> [Task description]: Reproduce the records below exactly, but only between the lines holding "#4 car <box>210,530,293,585</box>" and "#16 car <box>136,530,262,601</box>", inclusive.

> [Dataset content]:
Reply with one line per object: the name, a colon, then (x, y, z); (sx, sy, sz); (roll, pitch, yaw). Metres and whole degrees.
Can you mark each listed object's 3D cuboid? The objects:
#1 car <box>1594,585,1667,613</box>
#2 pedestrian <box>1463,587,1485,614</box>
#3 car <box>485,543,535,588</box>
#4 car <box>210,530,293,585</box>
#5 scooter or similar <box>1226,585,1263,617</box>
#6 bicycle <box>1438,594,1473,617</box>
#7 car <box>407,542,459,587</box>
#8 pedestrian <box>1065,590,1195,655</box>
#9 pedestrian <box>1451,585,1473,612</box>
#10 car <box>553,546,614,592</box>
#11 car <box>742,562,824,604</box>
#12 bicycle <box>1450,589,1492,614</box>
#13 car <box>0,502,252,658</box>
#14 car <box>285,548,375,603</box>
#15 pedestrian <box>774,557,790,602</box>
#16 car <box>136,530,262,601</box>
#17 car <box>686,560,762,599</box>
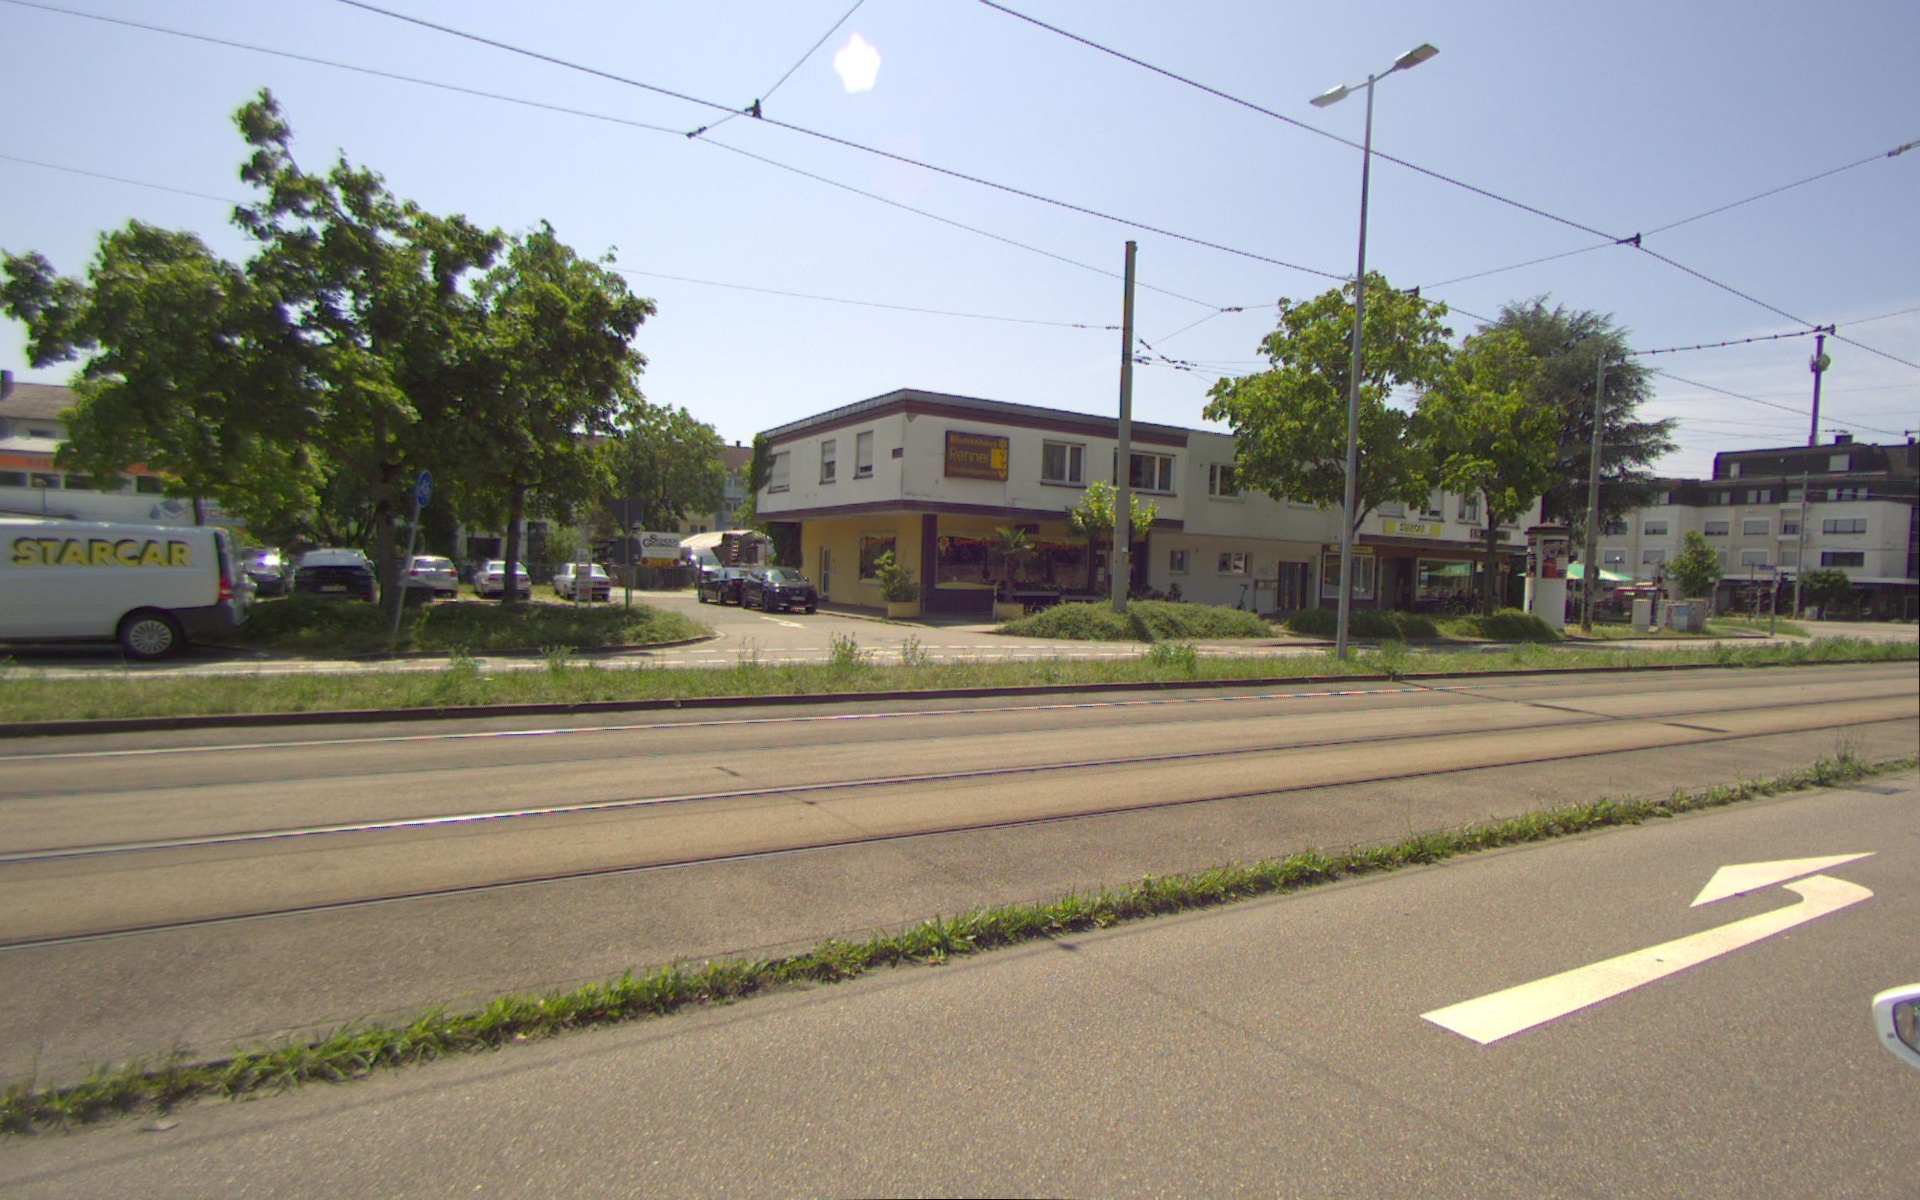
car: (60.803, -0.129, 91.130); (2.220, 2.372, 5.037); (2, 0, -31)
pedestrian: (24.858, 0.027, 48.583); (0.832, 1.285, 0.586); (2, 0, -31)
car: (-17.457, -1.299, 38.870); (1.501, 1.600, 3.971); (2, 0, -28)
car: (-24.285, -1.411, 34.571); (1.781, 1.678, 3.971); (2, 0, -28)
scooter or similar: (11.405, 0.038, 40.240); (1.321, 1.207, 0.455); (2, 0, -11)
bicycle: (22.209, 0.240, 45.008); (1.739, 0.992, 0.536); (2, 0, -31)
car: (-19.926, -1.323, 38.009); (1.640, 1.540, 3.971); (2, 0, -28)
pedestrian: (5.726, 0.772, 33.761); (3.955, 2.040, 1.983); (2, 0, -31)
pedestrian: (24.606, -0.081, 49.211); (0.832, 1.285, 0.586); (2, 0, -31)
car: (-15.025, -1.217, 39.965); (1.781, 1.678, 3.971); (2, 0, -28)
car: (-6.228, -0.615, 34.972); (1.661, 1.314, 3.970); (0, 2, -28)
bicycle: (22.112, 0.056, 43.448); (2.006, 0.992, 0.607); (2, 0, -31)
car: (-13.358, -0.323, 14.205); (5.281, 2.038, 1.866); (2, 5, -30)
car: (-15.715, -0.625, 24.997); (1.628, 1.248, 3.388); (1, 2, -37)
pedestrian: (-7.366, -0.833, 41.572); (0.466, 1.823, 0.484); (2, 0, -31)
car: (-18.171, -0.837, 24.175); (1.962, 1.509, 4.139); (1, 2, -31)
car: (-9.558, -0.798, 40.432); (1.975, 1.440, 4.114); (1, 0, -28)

--

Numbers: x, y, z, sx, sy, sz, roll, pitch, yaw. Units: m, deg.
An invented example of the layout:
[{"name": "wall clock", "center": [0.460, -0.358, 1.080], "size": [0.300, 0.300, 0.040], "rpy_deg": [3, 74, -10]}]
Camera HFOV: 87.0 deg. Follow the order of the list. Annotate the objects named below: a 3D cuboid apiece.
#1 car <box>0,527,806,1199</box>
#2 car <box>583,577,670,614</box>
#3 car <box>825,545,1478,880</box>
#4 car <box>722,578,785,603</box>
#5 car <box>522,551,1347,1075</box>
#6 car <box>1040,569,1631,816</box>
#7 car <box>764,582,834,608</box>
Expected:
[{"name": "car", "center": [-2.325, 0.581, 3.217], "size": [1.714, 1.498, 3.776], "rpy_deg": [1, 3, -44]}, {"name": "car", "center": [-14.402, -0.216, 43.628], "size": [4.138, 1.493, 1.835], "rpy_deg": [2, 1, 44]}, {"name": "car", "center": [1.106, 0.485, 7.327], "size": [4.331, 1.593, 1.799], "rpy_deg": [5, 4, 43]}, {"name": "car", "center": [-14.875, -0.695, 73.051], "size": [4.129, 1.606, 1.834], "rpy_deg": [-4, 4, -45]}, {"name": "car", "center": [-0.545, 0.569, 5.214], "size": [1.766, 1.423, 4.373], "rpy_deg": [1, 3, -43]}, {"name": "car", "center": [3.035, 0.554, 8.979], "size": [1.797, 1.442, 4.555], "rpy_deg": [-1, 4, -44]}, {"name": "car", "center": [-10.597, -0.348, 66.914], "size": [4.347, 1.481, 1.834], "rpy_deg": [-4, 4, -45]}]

> [Task response]:
#4 car <box>210,530,293,585</box>
#5 scooter or similar <box>1226,585,1263,617</box>
#6 bicycle <box>1438,594,1473,617</box>
#7 car <box>407,542,459,587</box>
#8 pedestrian <box>1065,590,1195,655</box>
#9 pedestrian <box>1451,585,1473,612</box>
#10 car <box>553,546,614,592</box>
#11 car <box>742,562,824,604</box>
#12 bicycle <box>1450,589,1492,614</box>
#13 car <box>0,502,252,658</box>
#14 car <box>285,548,375,603</box>
#15 pedestrian <box>774,557,790,602</box>
#16 car <box>136,530,262,601</box>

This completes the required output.